Following repeated experience, pups induced significantly more cFos expression relative to mock in several regions in the central motivation circuit, such as the cMPOA [t(13)=4.124, p=0.001, d= −2.33], vBNST [t(13=3.289, p=0.006, d= −1.86], NAc [t(13)=4.656, p=0.0004, d = −2.64], NAs [t(13)=3.159, p=0.0075, d= −1.79], BLA [t(13)=9.835, p<0.000001, d= −5.57], PFC [t(13)=4.075, p=0.001, d= −2.31], as well as some regions in the central avoidance circuit, such as the meA [t(13)=4.478, p=0.000622, d= −2.54] and VMNvl [t(13)=3.889, p=0.002, d= −2.20]. However, no significant experience-dependent increases in cFos expression were found in the VTA (p=0.099, d= −1.00), dBNST (p=0.123, d= −0.93), or AHN (p=0.543, −0.36) (Fig. 5B).

Experience-induced reactivation of TRAPed neurons in response to pup or mock exposure

Whereas pup TRAPed cells were exclusively identified in the cMPOA, pup exposure induced cFos expression through maternal motivation and aversion circuits.
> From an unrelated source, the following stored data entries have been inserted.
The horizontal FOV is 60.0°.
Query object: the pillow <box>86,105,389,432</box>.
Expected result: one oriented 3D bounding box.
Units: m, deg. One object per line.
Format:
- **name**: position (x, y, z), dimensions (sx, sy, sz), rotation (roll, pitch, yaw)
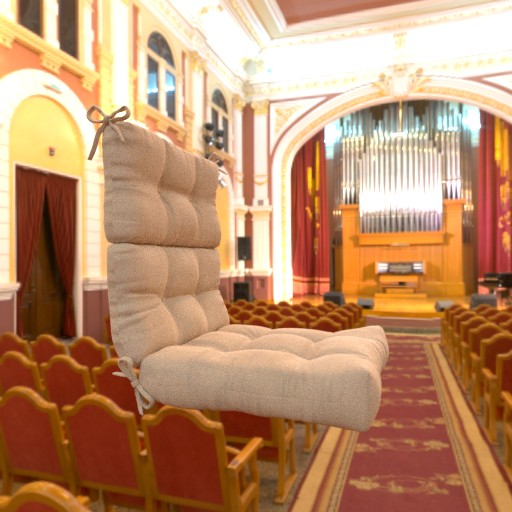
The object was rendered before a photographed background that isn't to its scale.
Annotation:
- **pillow**: position (0.000, 0.000, 1.018), dimensions (0.571, 0.605, 0.519), rotation (0, -1, 19)
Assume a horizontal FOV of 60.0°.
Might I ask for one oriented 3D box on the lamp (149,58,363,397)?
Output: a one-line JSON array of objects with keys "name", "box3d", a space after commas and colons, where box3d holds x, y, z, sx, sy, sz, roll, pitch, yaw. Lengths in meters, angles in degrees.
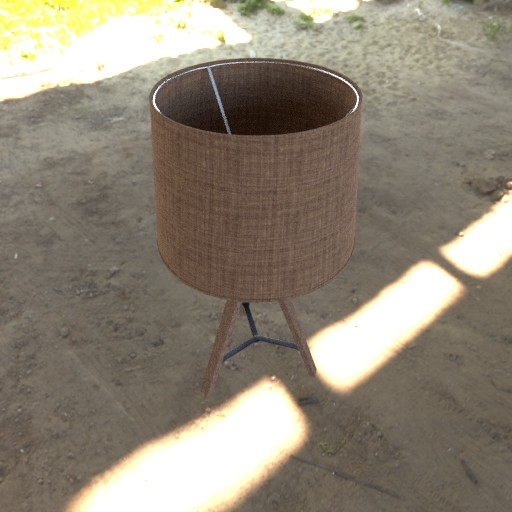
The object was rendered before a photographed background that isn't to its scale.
[{"name": "lamp", "box3d": [0.000, 0.000, 0.690, 0.290, 0.514, 0.290, 0, 40, 0]}]
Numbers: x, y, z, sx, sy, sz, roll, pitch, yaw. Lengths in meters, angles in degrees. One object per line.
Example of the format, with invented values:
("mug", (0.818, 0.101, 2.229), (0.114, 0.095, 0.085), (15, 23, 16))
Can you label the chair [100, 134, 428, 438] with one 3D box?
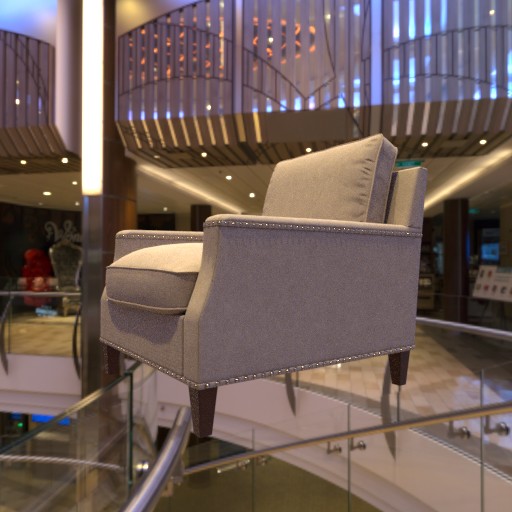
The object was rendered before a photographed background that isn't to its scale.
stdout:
("chair", (0.000, 0.000, 1.728), (1.014, 0.943, 0.853), (0, -1, -35))
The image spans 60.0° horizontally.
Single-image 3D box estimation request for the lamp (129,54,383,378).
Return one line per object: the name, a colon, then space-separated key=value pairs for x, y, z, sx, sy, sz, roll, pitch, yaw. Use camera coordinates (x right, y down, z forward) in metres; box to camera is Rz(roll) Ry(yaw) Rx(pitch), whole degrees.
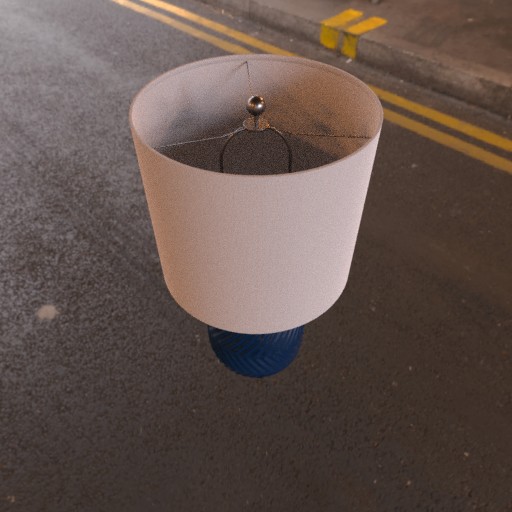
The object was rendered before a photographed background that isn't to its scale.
lamp: x=0.000 y=0.000 z=0.488 sx=0.203 sy=0.368 sz=0.203 roll=-4 pitch=46 yaw=-4
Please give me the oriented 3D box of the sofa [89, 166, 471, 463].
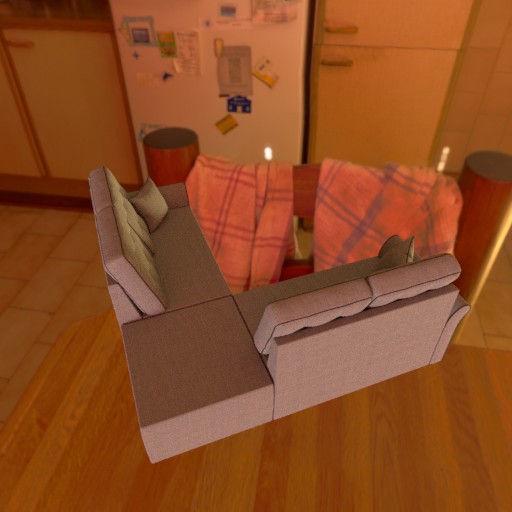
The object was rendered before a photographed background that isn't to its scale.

To control for these differences in expression, we compared reactivation through motivation and aversion circuits by subtracting colocalization expected by chance from the percentage of colocalized cells for each subject. Student’s t tests revealed significant reactivation in the cMPOA [t(13)=5.547, p=0.000094, d= −3.14] and vBNST [t(13)=5.315, p=0.000140, d= −3.01] (Fig 7B). Several other regions of both motivation and aversion circuits were significantly reactivated by pups relative to mock exposure (Fig 7C): BLA [t(13)=4.145, p=0.00115, d= −2.35], PFC [t(13)=2.908, p=0.0122, d= −1.65] and VMNvl [t(13)=2.513, p=0.0259, d= −1.42). No significant experience-induced reactivation was seen in the VTA (p=0.656, d= −0.26), NAc (p=0.254, d= −0.68), NAs (p=0.144, d= −0.88), AHN (p=0.161, d=0.91), dBNST (p=0.858), or MeA (p=0.163, d= −0.84) (Fig 7C).

Figure 7. Experience-dependent cell reactivation in maternal neural circuits.

Figure 7.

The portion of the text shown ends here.